Dashlane supports three methods of login :
- UKI : Provide a previously-given unique-key-identifier as the uki parameter. TODO : How do we get UKIs ?
- Token : Provide a (not-completely) one-time token as the "token" parameter. To generate a token, send a request to /6/authentication/sendtoken with login=email
- OTP : Probably for Google Authenticator.
Obtaining an UKI : POST requiest to /6/authentification/registeruki with following params :
- devicename
- login
- platform
- temporary ? (seen value : 0)
- token
- uki
To get the "backup" (AKA the vault), you need to do a request to /12/backup/latest which accepts :
Variable Name | Possible values | What it does |
---|---|---|
lock | nolock, an OID | ? |
login | your email | |
needsKey | true, false | Provides RSA public and private key. Use unknown |
sharedLock | true, false | ? |
sharingCapability | Number | ? |
sharingSkipped | needsKey,webapp | ? |
sharingTimestamp | Number | probably timestamp since last SHARED KEYS sync. |
timestamp | curr timestamp | Timestamp since last sync. Set to 0 to get full backup. |
token/otp/uki | Used to login the user without sending the master password. | |
Once you have your hands on the full backup, you'll have to have a lot of fun decoding it. |
Steps :
- base64decode the vault.
- salt = bytes 0-32
- If bytes 32-36 === 'KWC3', then :
- aes is bytes 36-end
- data is compressed
- else
- aes is bytes 32-end
- data is not compressed
- Derive a key from the password and salt using PBKDF2, 10204 iterations, 32 bit key length, 'sha1' hash.
- As if PBKDF2 wasn't enough, derive ANOTHER key using OpenSSL's EVP_BytesToKey, with PBKDF2 key as data, same salt, SHA algorithm, 1 iteration and 256 bit size.
- If data is compressed
- Create an AES256-CBC decipher, using pbkdf2 as key and EVP_BytesToKey's IV as IV.
- else
- Create an AES256-CBC decipher using the EVP_BytesToKey's key and IV.
- Decrypt the data using the decipher
- If data is compressed
- Remove bytes 0-6 and the last byte (Don't ask me...)
- Raw Inflate the rest of the byte stream
- You should now have XML data.
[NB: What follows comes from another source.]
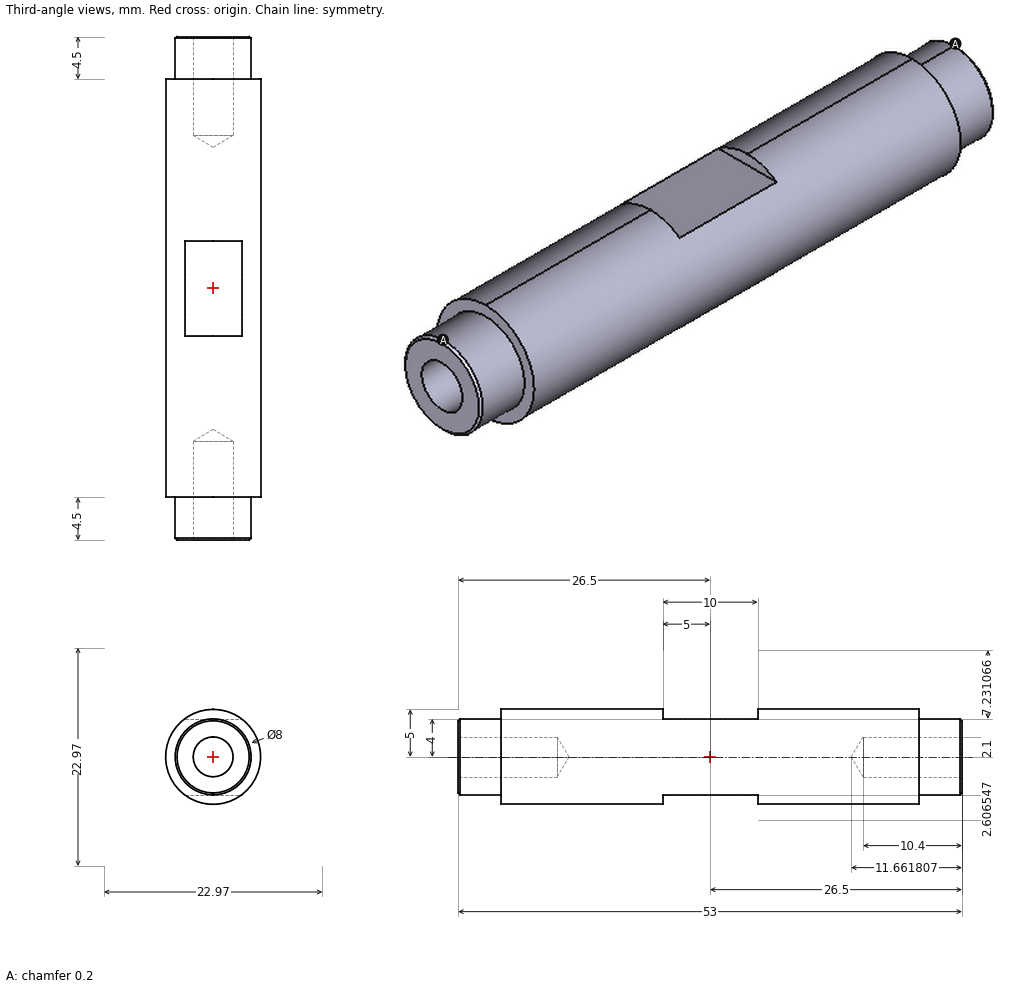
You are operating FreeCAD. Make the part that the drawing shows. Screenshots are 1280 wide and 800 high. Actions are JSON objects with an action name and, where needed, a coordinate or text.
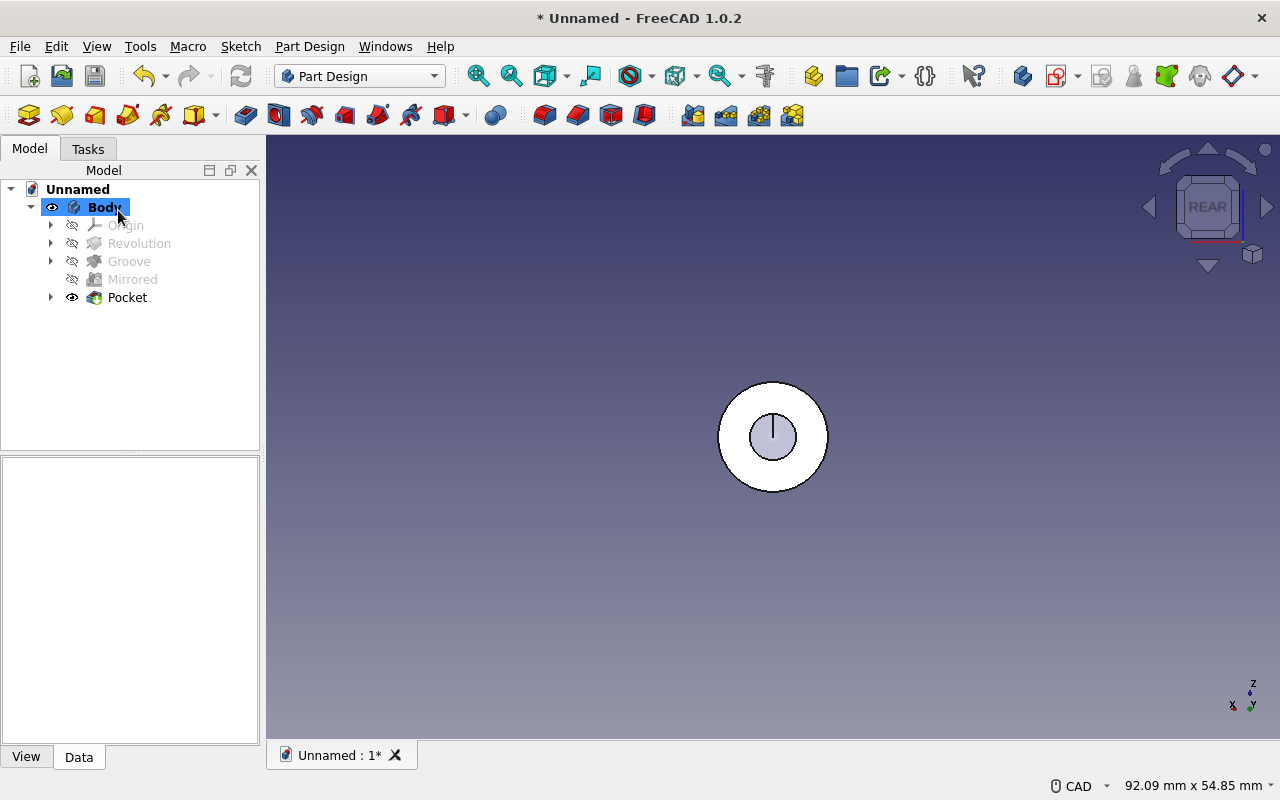
{"action": "left_click", "coordinate": [479, 76]}

Documentation about its format comming soon.
Oh damn, I wish github had gist notifications back in 2019. I've written some POC code back when I worked on this at https://github.com/RedImpala/RedImpalaLib-JS/blob/master/dashlane.js#L19. That said, I have no clue if that code still works, or if dashlane changed their system since then.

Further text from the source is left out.